How should I reason about the tradeoff of using something like this vs pandas/numpy ? Esp. with Numpy 2.0 supporting the string dtype.
I promise I mean no offense by this but this is so comically absurd. Like you know it's not a cast right? Ie that you're constructing pandas dataframes.
> How should I reason about the tradeoff of using something like this vs pandas/numpy ?
For small sizes, operations on native types will be faster than the construction of complex objects.
Also, my grief with DF is they aren't typed (typing module) by column. Maybe that's changed though? It's been a while.
The only way to understand what's going on with DF code is to step it in a debugger. I know they can be much faster, but man you pay a maintainability price!
This is incorrect: each column in a pandas DFs can have a separate type (what you're asking for is compatibility with Python's type-hinting on a per-column basis, though, which is different), and you can debug the code without needing a debugger: I use pandas regularly and I've never needed to use a debugger on pandas.
(Sure, it's easy to write obfuscated pandas, and it sometimes has version-specific bugs or deprecations which need to be hacked around in a way that compromises readability, and sometimes the API has active changes/namings that are non-trivial. But that's miles from "only way to understand is with a debugger".
If you want to claim otherwise, post a counterexample on SO (or Codidact) and post the link here.)
Yeah, that's what I meant. I would like per column type-hinting so that data frames are type-checked along with the rest of our stuff and everything is explicit.
I don't have anything I can show because the stuff I was working on was commercial and I don't code Pandas for fun at home ;)
The code I was maintaining / updating had long pipelines, had lots of folding, and would drift in and out of numpy quite a bit.
Part of the issue was my unfamiliarity with Pandas, for sure. But if I just picked a random function in the code, I would have no idea as to the shape of the data flowing in and out, without reading up and down the callstack to see what columns are in play.
For type-hinting on dataframe-like objects, people recommend pandera [0].
> The code I was maintaining / updating had long pipelines, had lots of folding, and would drift in and out of numpy quite a bit.
(Protein folding?)
Anyway yeah if your codebase is a large proprietary pipeline that thunks to and from pandas-numpy then now I understand you. But that's your very specific usecase.

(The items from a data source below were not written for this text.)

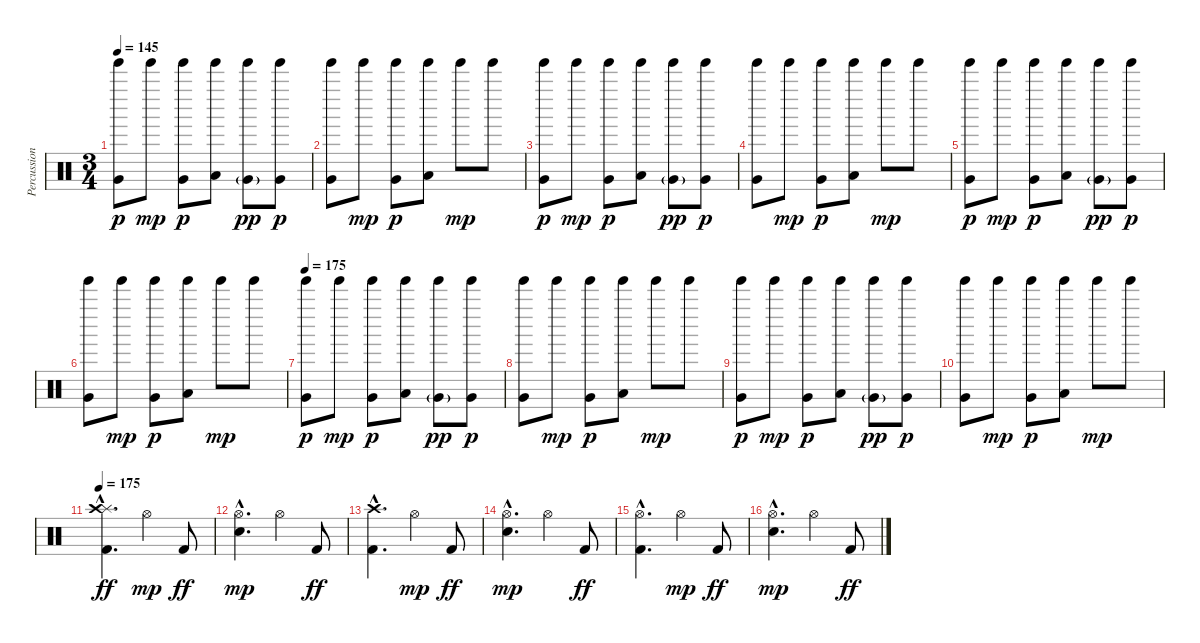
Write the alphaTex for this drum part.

\track ("Percussion" "Percussion") {instrument percussion}
\staff {score}
\articulation defaults
\ts (3 4)
\tempo 145
\clef neutral
\ks c
("Tinkle Bell (hit)" "Very Low Tom (hit)").8{dy p} "Tinkle Bell (hit)".8{dy mp} ("Tinkle Bell (hit)" "Very Low Tom (hit)").8{dy p} ("Tinkle Bell (hit)" "Low Floor Tom (hit)").8 ("Tinkle Bell (hit)" "Very Low Tom (hit)"{g}).8{dy pp} ("Tinkle Bell (hit)" "Very Low Tom (hit)").8{dy p} |
("Tinkle Bell (hit)" "Very Low Tom (hit)").8 "Tinkle Bell (hit)".8{dy mp} ("Tinkle Bell (hit)" "Very Low Tom (hit)").8{dy p} ("Tinkle Bell (hit)" "Low Floor Tom (hit)").8 "Tinkle Bell (hit)".8{dy mp} "Tinkle Bell (hit)".8 |
("Tinkle Bell (hit)" "Very Low Tom (hit)").8{dy p} "Tinkle Bell (hit)".8{dy mp} ("Tinkle Bell (hit)" "Very Low Tom (hit)").8{dy p} ("Tinkle Bell (hit)" "Low Floor Tom (hit)").8 ("Tinkle Bell (hit)" "Very Low Tom (hit)"{g}).8{dy pp} ("Tinkle Bell (hit)" "Very Low Tom (hit)").8{dy p} |
("Tinkle Bell (hit)" "Very Low Tom (hit)").8 "Tinkle Bell (hit)".8{dy mp} ("Tinkle Bell (hit)" "Very Low Tom (hit)").8{dy p} ("Tinkle Bell (hit)" "Low Floor Tom (hit)").8 "Tinkle Bell (hit)".8{dy mp} "Tinkle Bell (hit)".8 |
("Tinkle Bell (hit)" "Very Low Tom (hit)").8{dy p} "Tinkle Bell (hit)".8{dy mp} ("Tinkle Bell (hit)" "Very Low Tom (hit)").8{dy p} ("Tinkle Bell (hit)" "Low Floor Tom (hit)").8 ("Tinkle Bell (hit)" "Very Low Tom (hit)"{g}).8{dy pp} ("Tinkle Bell (hit)" "Very Low Tom (hit)").8{dy p} |
("Tinkle Bell (hit)" "Very Low Tom (hit)").8 "Tinkle Bell (hit)".8{dy mp} ("Tinkle Bell (hit)" "Very Low Tom (hit)").8{dy p} ("Tinkle Bell (hit)" "Low Floor Tom (hit)").8 "Tinkle Bell (hit)".8{dy mp} "Tinkle Bell (hit)".8 |
\tempo 175
("Tinkle Bell (hit)" "Very Low Tom (hit)").8{dy p} "Tinkle Bell (hit)".8{dy mp} ("Tinkle Bell (hit)" "Very Low Tom (hit)").8{dy p} ("Tinkle Bell (hit)" "Low Floor Tom (hit)").8 ("Tinkle Bell (hit)" "Very Low Tom (hit)"{g}).8{dy pp} ("Tinkle Bell (hit)" "Very Low Tom (hit)").8{dy p} |
("Tinkle Bell (hit)" "Very Low Tom (hit)").8 "Tinkle Bell (hit)".8{dy mp} ("Tinkle Bell (hit)" "Very Low Tom (hit)").8{dy p} ("Tinkle Bell (hit)" "Low Floor Tom (hit)").8 "Tinkle Bell (hit)".8{dy mp} "Tinkle Bell (hit)".8 |
("Tinkle Bell (hit)" "Very Low Tom (hit)").8{dy p} "Tinkle Bell (hit)".8{dy mp} ("Tinkle Bell (hit)" "Very Low Tom (hit)").8{dy p} ("Tinkle Bell (hit)" "Low Floor Tom (hit)").8 ("Tinkle Bell (hit)" "Very Low Tom (hit)"{g}).8{dy pp} ("Tinkle Bell (hit)" "Very Low Tom (hit)").8{dy p} |
("Tinkle Bell (hit)" "Very Low Tom (hit)").8 "Tinkle Bell (hit)".8{dy mp} ("Tinkle Bell (hit)" "Very Low Tom (hit)").8{dy p} ("Tinkle Bell (hit)" "Low Floor Tom (hit)").8 "Tinkle Bell (hit)".8{dy mp} "Tinkle Bell (hit)".8 |
\tempo 175
("Splash (hit)"{hac} "Crash high (hit)"{hac} "Kick (hit) 2"{hac}).4{d dy ff} "Hi-Hat (open)".4{dy mp} "Kick (hit) 2".8{dy ff} |
("Hi-Hat (open)"{hac} "Snare (hit) 2"{hac}).4{d dy mp} "Hi-Hat (open)".4 "Kick (hit) 2".8{dy ff} |
("Crash high (hit)"{hac} "Kick (hit) 2"{hac}).4{d} "Hi-Hat (open)".4{dy mp} "Kick (hit) 2".8{dy ff} |
("Hi-Hat (open)"{hac} "Snare (hit) 2"{hac}).4{d dy mp} "Hi-Hat (open)".4 "Kick (hit) 2".8{dy ff} |
("Hi-Hat (open)"{hac} "Kick (hit) 2"{hac}).4{d} "Hi-Hat (open)".4{dy mp} "Kick (hit) 2".8{dy ff} |
("Hi-Hat (open)"{hac} "Snare (hit) 2"{hac}).4{d dy mp} "Hi-Hat (open)".4 "Kick (hit) 2".8{dy ff}
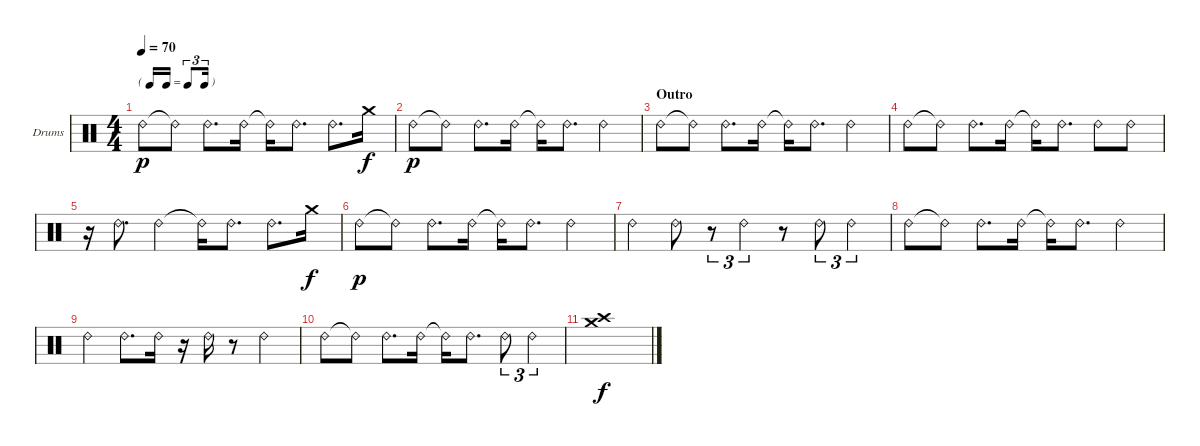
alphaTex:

\bracketExtendMode groupsimilarinstruments
\firstSystemTrackNameOrientation horizontal
\otherSystemsTrackNameOrientation horizontal
\track ("OH" "Drums") {instrument percussion}
\staff {score}
\articulation defaults
\ts (4 4)
\tf triplet16th
\tempo 70
\clef neutral
\ks aminor "Ride (bell) 2".8{dy p} "Ride (bell) 2"{t}.8 "Ride (bell) 2".8{d} "Ride (bell) 2".16 "Ride (bell) 2"{t}.16 "Ride (bell) 2".8{d} "Ride (bell) 2".8{d} "Crash medium (hit)".16{dy f}
|
\scale
0.333333 "Ride (bell) 2".8{dy p} "Ride (bell) 2"{t}.8 "Ride (bell) 2".8{d} "Ride (bell) 2".16 "Ride (bell) 2"{t}.16 "Ride (bell) 2".8{d} "Ride (bell) 2".4 |
\section ("" "Outro")
\scale
0.333333 "Ride (bell) 2".8 "Ride (bell) 2"{t}.8 "Ride (bell) 2".8{d} "Ride (bell) 2".16 "Ride (bell) 2"{t}.16 "Ride (bell) 2".8{d} "Ride (bell) 2".4 |
\scale
0.333333 "Ride (bell) 2".8 "Ride (bell) 2"{t}.8 "Ride (bell) 2".8{d} "Ride (bell) 2".16 "Ride (bell) 2"{t}.16 "Ride (bell) 2".8{d} "Ride (bell) 2".8 "Ride (bell) 2".8 |
\scale
0.333333 r.16 "Ride (bell) 2".8{d} "Ride (bell) 2".4 "Ride (bell) 2"{t}.16 "Ride (bell) 2".8{d} "Ride (bell) 2".8{d} "Crash medium (hit)".16{dy f} |
\scale
0.333333 "Ride (bell) 2".8{dy p} "Ride (bell) 2"{t}.8 "Ride (bell) 2".8{d} "Ride (bell) 2".16 "Ride (bell) 2"{t}.16 "Ride (bell) 2".8{d} "Ride (bell) 2".4 |
\scale
0.333333 "Ride (bell) 2".4 "Ride (bell) 2".8 r.8{tu (3 2)} "Ride (bell) 2".4{tu (3 2)} r.8 "Ride (bell) 2".8{tu (3 2)} "Ride (bell) 2".4{tu (3 2)} |
\scale
0.333333 "Ride (bell) 2".8 "Ride (bell) 2"{t}.8 "Ride (bell) 2".8{d} "Ride (bell) 2".16 "Ride (bell) 2"{t}.16 "Ride (bell) 2".8{d} "Ride (bell) 2".4 |
\scale
0.333333 "Ride (bell) 2".4 "Ride (bell) 2".8{d} "Ride (bell) 2".16 r.16 "Ride (bell) 2".16 r.8 "Ride (bell) 2".4 |
\scale
0.607407 "Ride (bell) 2".8 "Ride (bell) 2"{t}.8 "Ride (bell) 2".8{d} "Ride (bell) 2".16 "Ride (bell) 2"{t}.16 "Ride (bell) 2".8{d} "Ride (bell) 2".8{tu (3 2)} "Ride (bell) 2".4{tu (3 2)} |
\scale
0.167099 ("Crash medium (hit)" "Crash high (hit)").1{dy f} |
\scale
0.058295
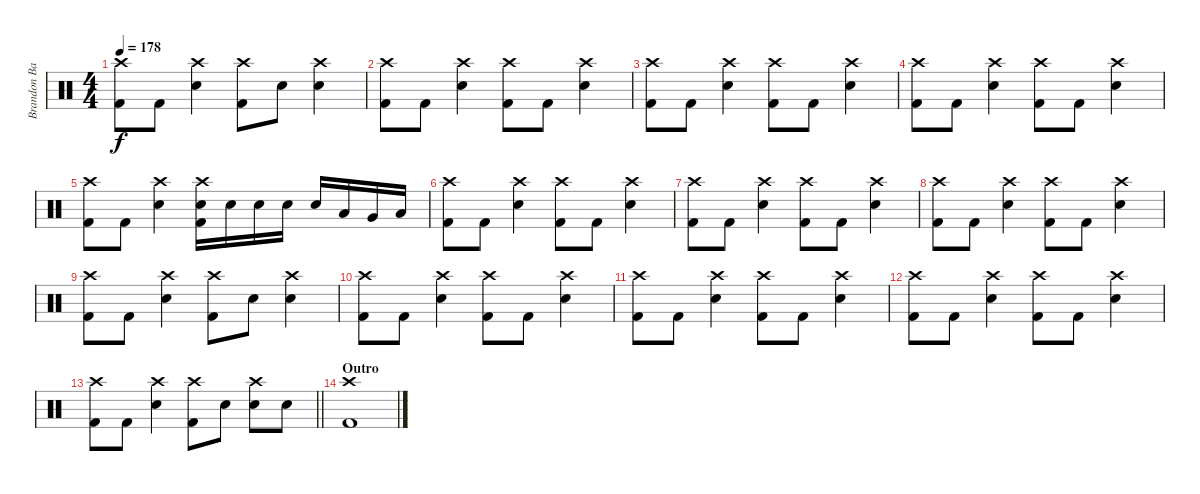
\track ("Brandon Barnes - Drums" "Brandon Ba") {instrument percussion}
\staff {score}
\articulation defaults
\ts (4 4)
\tempo 178
\clef neutral
\ks c
("Crash high (hit)" "Kick (hit) 2").8{dy f} "Kick (hit) 2".8 ("Snare (hit) 2" "Crash high (hit)").4 ("Crash high (hit)" "Kick (hit) 2").8 "Snare (hit) 2".8 ("Snare (hit) 2" "Crash high (hit)").4 |
("Crash high (hit)" "Kick (hit) 2").8 "Kick (hit) 2".8 ("Snare (hit) 2" "Crash high (hit)").4 ("Crash high (hit)" "Kick (hit) 2").8 "Kick (hit) 2".8 ("Snare (hit) 2" "Crash high (hit)").4 |
("Crash high (hit)" "Kick (hit) 2").8 "Kick (hit) 2".8 ("Snare (hit) 2" "Crash high (hit)").4 ("Crash high (hit)" "Kick (hit) 2").8 "Kick (hit) 2".8 ("Snare (hit) 2" "Crash high (hit)").4 |
("Crash high (hit)" "Kick (hit) 2").8 "Kick (hit) 2".8 ("Snare (hit) 2" "Crash high (hit)").4 ("Crash high (hit)" "Kick (hit) 2").8 "Kick (hit) 2".8 ("Snare (hit) 2" "Crash high (hit)").4 |
("Crash high (hit)" "Kick (hit) 2").8 "Kick (hit) 2".8 ("Snare (hit) 2" "Crash high (hit)").4 ("Crash high (hit)" "Kick (hit) 2" "Snare (hit) 2").16 "Snare (hit) 2".16 "Snare (hit) 2".16 "Snare (hit) 2".16 "Snare (hit) 2".16 "Low Tom (hit)".16 "Very Low Tom (hit)".16 "Low Floor Tom (hit)".16 |
("Crash high (hit)" "Kick (hit) 2").8 "Kick (hit) 2".8 ("Snare (hit) 2" "Crash high (hit)").4 ("Crash high (hit)" "Kick (hit) 2").8 "Kick (hit) 2".8 ("Snare (hit) 2" "Crash high (hit)").4 |
("Crash high (hit)" "Kick (hit) 2").8 "Kick (hit) 2".8 ("Snare (hit) 2" "Crash high (hit)").4 ("Crash high (hit)" "Kick (hit) 2").8 "Kick (hit) 2".8 ("Snare (hit) 2" "Crash high (hit)").4 |
("Crash high (hit)" "Kick (hit) 2").8 "Kick (hit) 2".8 ("Snare (hit) 2" "Crash high (hit)").4 ("Crash high (hit)" "Kick (hit) 2").8 "Kick (hit) 2".8 ("Snare (hit) 2" "Crash high (hit)").4 |
("Crash high (hit)" "Kick (hit) 2").8 "Kick (hit) 2".8 ("Snare (hit) 2" "Crash high (hit)").4 ("Crash high (hit)" "Kick (hit) 2").8 "Snare (hit) 2".8 ("Snare (hit) 2" "Crash high (hit)").4 |
("Crash high (hit)" "Kick (hit) 2").8 "Kick (hit) 2".8 ("Snare (hit) 2" "Crash high (hit)").4 ("Crash high (hit)" "Kick (hit) 2").8 "Kick (hit) 2".8 ("Snare (hit) 2" "Crash high (hit)").4 |
("Crash high (hit)" "Kick (hit) 2").8 "Kick (hit) 2".8 ("Snare (hit) 2" "Crash high (hit)").4 ("Crash high (hit)" "Kick (hit) 2").8 "Kick (hit) 2".8 ("Snare (hit) 2" "Crash high (hit)").4 |
("Crash high (hit)" "Kick (hit) 2").8 "Kick (hit) 2".8 ("Snare (hit) 2" "Crash high (hit)").4 ("Crash high (hit)" "Kick (hit) 2").8 "Kick (hit) 2".8 ("Snare (hit) 2" "Crash high (hit)").4 |
\barLineRight lightlight
("Crash high (hit)" "Kick (hit) 2").8 "Kick (hit) 2".8 ("Snare (hit) 2" "Crash high (hit)").4 ("Crash high (hit)" "Kick (hit) 2").8 "Snare (hit) 2".8 ("Snare (hit) 2" "Crash high (hit)").8 "Snare (hit) 2".8 |
\section ("" "Outro")
("Crash high (hit)" "Kick (hit) 2").1
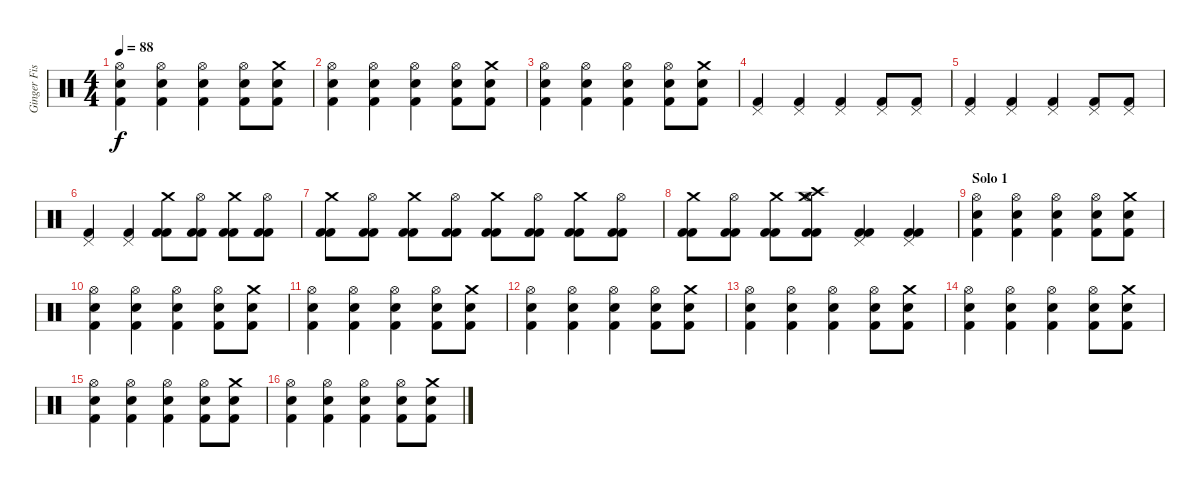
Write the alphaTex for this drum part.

\track ("Ginger Fish (Drums)" "Ginger Fis") {instrument percussion}
\staff {score}
\articulation defaults
\ts (4 4)
\tempo 88
\clef neutral
\ks c
("Hi-Hat (open)" "Snare (hit) 2" "Kick (hit) 2").4{dy f} ("Hi-Hat (open)" "Snare (hit) 2" "Kick (hit) 2").4 ("Hi-Hat (open)" "Snare (hit) 2" "Kick (hit) 2").4 ("Hi-Hat (open)" "Snare (hit) 2" "Kick (hit) 2").8 ("Crash medium (hit)" "Electric Snare (hit)" "Kick (hit) 2").8 |
("Hi-Hat (open)" "Snare (hit) 2" "Kick (hit) 2").4 ("Hi-Hat (open)" "Snare (hit) 2" "Kick (hit) 2").4 ("Hi-Hat (open)" "Snare (hit) 2" "Kick (hit) 2").4 ("Hi-Hat (open)" "Snare (hit) 2" "Kick (hit) 2").8 ("Crash medium (hit)" "Electric Snare (hit)" "Kick (hit) 2").8 |
("Hi-Hat (open)" "Snare (hit) 2" "Kick (hit) 2").4 ("Hi-Hat (open)" "Snare (hit) 2" "Kick (hit) 2").4 ("Hi-Hat (open)" "Snare (hit) 2" "Kick (hit) 2").4 ("Hi-Hat (open)" "Snare (hit) 2" "Kick (hit) 2").8 ("Crash medium (hit)" "Electric Snare (hit)" "Kick (hit) 2").8 |
("Pedal Hi-Hat (hit)" "Kick (hit) 2").4 ("Pedal Hi-Hat (hit)" "Kick (hit) 2").4 ("Pedal Hi-Hat (hit)" "Kick (hit) 2").4 ("Pedal Hi-Hat (hit)" "Kick (hit) 2").8 ("Pedal Hi-Hat (hit)" "Kick (hit) 2").8 |
("Pedal Hi-Hat (hit)" "Kick (hit) 2").4 ("Pedal Hi-Hat (hit)" "Kick (hit) 2").4 ("Pedal Hi-Hat (hit)" "Kick (hit) 2").4 ("Pedal Hi-Hat (hit)" "Kick (hit) 2").8 ("Pedal Hi-Hat (hit)" "Kick (hit) 2").8 |
("Pedal Hi-Hat (hit)" "Kick (hit) 2").4 ("Pedal Hi-Hat (hit)" "Kick (hit) 2").4 ("Crash medium (hit)" "Kick (hit) 2" "Kick (hit) 2").8 ("Hi-Hat (open)" "Kick (hit) 2" "Kick (hit) 2").8 ("Crash medium (hit)" "Kick (hit) 2" "Kick (hit) 2").8 ("Hi-Hat (open)" "Kick (hit) 2" "Kick (hit) 2").8 |
("Crash medium (hit)" "Kick (hit) 2" "Kick (hit) 2").8 ("Hi-Hat (open)" "Kick (hit) 2" "Kick (hit) 2").8 ("Crash medium (hit)" "Kick (hit) 2" "Kick (hit) 2").8 ("Hi-Hat (open)" "Kick (hit) 2" "Kick (hit) 2").8 ("Crash medium (hit)" "Kick (hit) 2" "Kick (hit) 2").8 ("Hi-Hat (open)" "Kick (hit) 2" "Kick (hit) 2").8 ("Crash medium (hit)" "Kick (hit) 2" "Kick (hit) 2").8 ("Hi-Hat (open)" "Kick (hit) 2" "Kick (hit) 2").8 |
("Crash medium (hit)" "Kick (hit) 2" "Kick (hit) 2").8 ("Hi-Hat (open)" "Kick (hit) 2" "Kick (hit) 2").8 ("Crash medium (hit)" "Kick (hit) 2" "Kick (hit) 2").8 ("Crash high (hit)" "Crash medium (hit)" "Hi-Hat (open)" "Kick (hit) 2" "Kick (hit) 2").8 ("Pedal Hi-Hat (hit)" "Kick (hit) 2" "Kick (hit) 2").4 ("Pedal Hi-Hat (hit)" "Kick (hit) 2" "Kick (hit) 2").4 |
\section ("" "Solo 1")
("Hi-Hat (open)" "Snare (hit) 2" "Kick (hit) 2").4 ("Hi-Hat (open)" "Snare (hit) 2" "Kick (hit) 2").4 ("Hi-Hat (open)" "Snare (hit) 2" "Kick (hit) 2").4 ("Hi-Hat (open)" "Snare (hit) 2" "Kick (hit) 2").8 ("Crash medium (hit)" "Electric Snare (hit)" "Kick (hit) 2").8 |
("Hi-Hat (open)" "Snare (hit) 2" "Kick (hit) 2").4 ("Hi-Hat (open)" "Snare (hit) 2" "Kick (hit) 2").4 ("Hi-Hat (open)" "Snare (hit) 2" "Kick (hit) 2").4 ("Hi-Hat (open)" "Snare (hit) 2" "Kick (hit) 2").8 ("Crash medium (hit)" "Electric Snare (hit)" "Kick (hit) 2").8 |
("Hi-Hat (open)" "Snare (hit) 2" "Kick (hit) 2").4 ("Hi-Hat (open)" "Snare (hit) 2" "Kick (hit) 2").4 ("Hi-Hat (open)" "Snare (hit) 2" "Kick (hit) 2").4 ("Hi-Hat (open)" "Snare (hit) 2" "Kick (hit) 2").8 ("Crash medium (hit)" "Electric Snare (hit)" "Kick (hit) 2").8 |
("Hi-Hat (open)" "Snare (hit) 2" "Kick (hit) 2").4 ("Hi-Hat (open)" "Snare (hit) 2" "Kick (hit) 2").4 ("Hi-Hat (open)" "Snare (hit) 2" "Kick (hit) 2").4 ("Hi-Hat (open)" "Snare (hit) 2" "Kick (hit) 2").8 ("Crash medium (hit)" "Electric Snare (hit)" "Kick (hit) 2").8 |
("Hi-Hat (open)" "Snare (hit) 2" "Kick (hit) 2").4 ("Hi-Hat (open)" "Snare (hit) 2" "Kick (hit) 2").4 ("Hi-Hat (open)" "Snare (hit) 2" "Kick (hit) 2").4 ("Hi-Hat (open)" "Snare (hit) 2" "Kick (hit) 2").8 ("Crash medium (hit)" "Electric Snare (hit)" "Kick (hit) 2").8 |
("Hi-Hat (open)" "Snare (hit) 2" "Kick (hit) 2").4 ("Hi-Hat (open)" "Snare (hit) 2" "Kick (hit) 2").4 ("Hi-Hat (open)" "Snare (hit) 2" "Kick (hit) 2").4 ("Hi-Hat (open)" "Snare (hit) 2" "Kick (hit) 2").8 ("Crash medium (hit)" "Electric Snare (hit)" "Kick (hit) 2").8 |
("Hi-Hat (open)" "Snare (hit) 2" "Kick (hit) 2").4 ("Hi-Hat (open)" "Snare (hit) 2" "Kick (hit) 2").4 ("Hi-Hat (open)" "Snare (hit) 2" "Kick (hit) 2").4 ("Hi-Hat (open)" "Snare (hit) 2" "Kick (hit) 2").8 ("Crash medium (hit)" "Electric Snare (hit)" "Kick (hit) 2").8 |
("Hi-Hat (open)" "Snare (hit) 2" "Kick (hit) 2").4 ("Hi-Hat (open)" "Snare (hit) 2" "Kick (hit) 2").4 ("Hi-Hat (open)" "Snare (hit) 2" "Kick (hit) 2").4 ("Hi-Hat (open)" "Snare (hit) 2" "Kick (hit) 2").8 ("Crash medium (hit)" "Electric Snare (hit)" "Kick (hit) 2").8

The claim "The only way to understand what's going on with DF code is to step it in a debugger" is in general overkill.
I happen to know a book or two that might help with Pandas.
(Disclaimer: I wrote three of them and spend a good deal of my time helping others level up their Pandas. Spent this morning helping a medical AI company with Pandas.)
My tasks aren't usually bottlenecked by the df creation operation. To me, the convenience offered by dfs outstrips the compute hit. However, if this is an order of magnitude difference , then it would push me to adopt the more-itertools formulation.
> However, if this is an order of magnitude difference , then it would push me to adopt the more-itertools formulation.
My friend it's much worse than a single order magnitude for small inputs
import time
import pandas as pd
ls = list(range(10))
b = time.monotonic_ns()
odds = [v for v in ls if v % 2]
e = time.monotonic_ns() - b
print(f"{e=}")
bb = time.monotonic_ns()
df = pd.DataFrame(ls)
odds = df[df % 2 == 1]
ee = time.monotonic_ns() - bb
print(f"{ee=}")
print("ratio", ee/e)
>>> e=1166
>>> ee=656792
>>> ratio 563.2864493996569
I would like to see some kind of query AST for this stuff in a query engine for semantics that its ops can be fused together for efficiency. For example, like a Clojure transducer.